Hut tax

The hut tax was a type of taxation introduced by British colonialists in Africa on a per hut or household basis. It was variously payable in money, labour, grain or stock and benefited the colonial authorities in four related ways: it raised money; it supported the currency (see chartalism); it broadened the cash economy, aiding further development; and it forced Africans to labour in the colonial economy.[1] Households which had survived on, and stored their wealth in cattle ranching now sent members to work for the colonialists in order to raise cash with which to pay the tax. The colonial economy depended upon black African labour to build new towns and railways, and in southern Africa to work in the rapidly developing mines.

South Africa

By 1908 the following hut taxes were imposed in southern Africa:

  • In Natal, under Law 13 of 1857, 14 shillings per hut occupied by natives. Natives that lived in European style houses with only one wife were exempt from the tax.[2]
  • In the Transkei, 10 shillings per hut.[3]
  • In the Cape Colony, various forms of the "house duty" had existed since the 1850s. The tax was legally applicable to all house-owners in the Cape, regardless of race or region, but was only partially enforced, especially in rural areas. A full and universally applicable house tax was imposed in 1870 (Act 9 of 1870), and was more fully enforced, due to the government's severe financial difficulties at the time.[1870 Note 1] The highly unpopular tax was terminated in 1872 (Act 11 of 1872), but a new and higher duty was applied by the Sprigg government during the wars of 1878, when government expenditure was extremely high. The Cape's most controversial "hut tax" was established under Act 37 of 1884, and specified 10 shillings per hut with exclusions for the elderly and infirm. It was repealed under Act 4 of 1889.[3]

Zimbabwe

In Mashonaland, now part of Zimbabwe, hut tax was introduced at the rate of ten shillings per hut in 1894.[1] Although authorized by the Colonial Office in London, the tax was paid to the British South Africa Company, the agent of colonial government in the area.

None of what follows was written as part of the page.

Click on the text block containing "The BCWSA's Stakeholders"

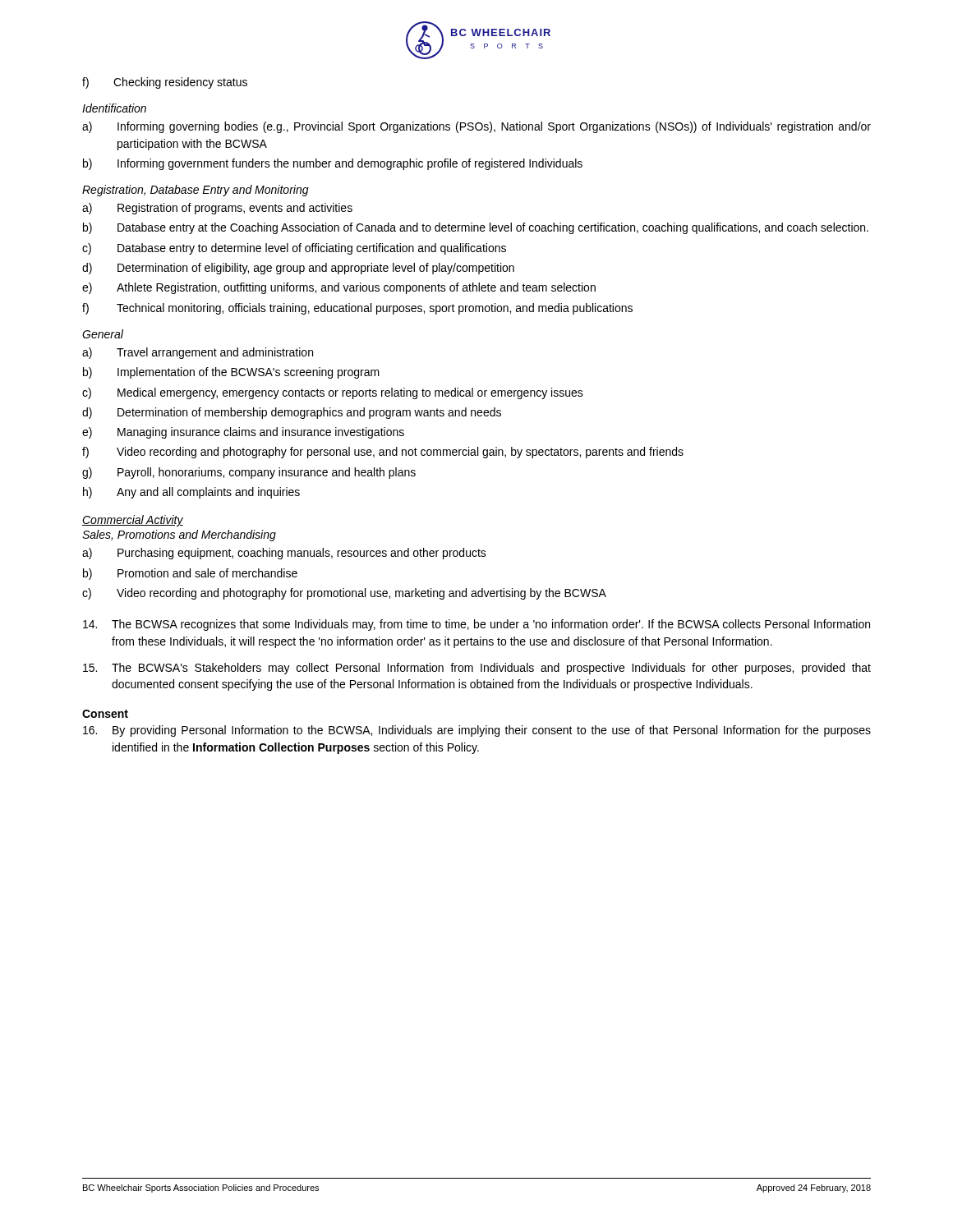[x=476, y=676]

Coinciding with confiscations of cattle, the introduction of forced labour and a series of natural disasters, the tax probably contributed to the Shona part of the rebellion against the colonialists in 1896, known as the First Chimurenga or Second Matabele War.[1]

Other countries

The tax was also used in Uganda[4] and Northern Rhodesia (now Zambia).[5] In Sierra Leone it sparked the Hut Tax War of 1898[6] in the Ronietta district in which substantial damage was sustained to the establishments of the Home Missionary Society. The damage sustained by the Society led to an international tribunal over Great Britain's responsibility, brought by the US on behalf of the Home Missionary Society.[7]

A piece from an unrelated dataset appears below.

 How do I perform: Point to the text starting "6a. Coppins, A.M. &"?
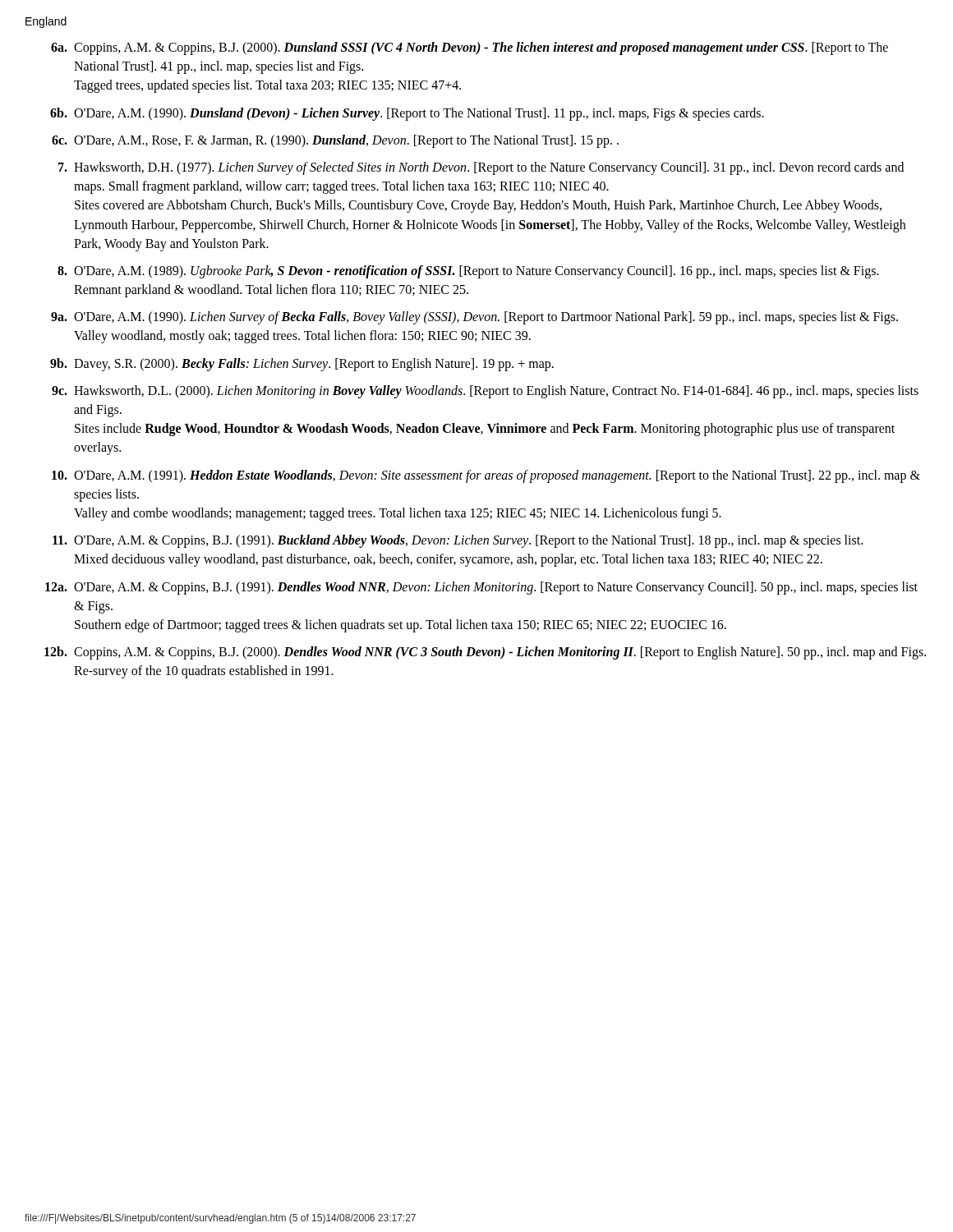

Liberia also implemented a hut tax, which in one case led to a Kru revolt in 1915.[8][9]

References

  1. Pakenham, Thomas (1992) [1991]. "Chap. 27 Rhodes, Raiders and Rebels". The Scramble for Africa. London: Abacus. pp. 497–498. ISBN 0-349-10449-2.
  2. Garran, Robert (1908). "XXII - Sources of Revenue". The government of South Africa. Cape Town: Central News Agency. pp. n157. Retrieved 29 August 2009.
  3. Garran, Robert (1908). "XXII - Sources of Revenue". The government of South Africa. Cape Town: Central News Agency. pp. n159. Retrieved 29 August 2009.
  4. "The Uganda Agreement of 1900". Buganda Home Page. Retrieved 19 March 2007.
  5. "Zambia". ThinkQuest. Oracle Foundation. Archived from the original on 13 May 2008. Retrieved 19 March 2007.
  6. "Tax Wars". BBC Online. BBC. Retrieved 19 March 2007.
  7. "Home Frontier and Foreign Missionary Society of the United Brethren in Christ" (PDF). United Nations.
  8. President Arthur Barclay (1904-1912): External and internal threats to Americo-Liberian rule. liberiapastandpresent.org.
  9. "Liberia from 1930 to 1944". Personal.denison.edu. Retrieved 13 May 2013.
1870 House Duty Act (1870, Act 9)
  1. For houses valued under £100, five shillings were levied; for houses valued between £100 and £500, ten shillings were levied; for houses valued between £500 and £1,000, twenty shillings were levied; and for every additional £500 above, an additional ten shillings were added to the tax amount.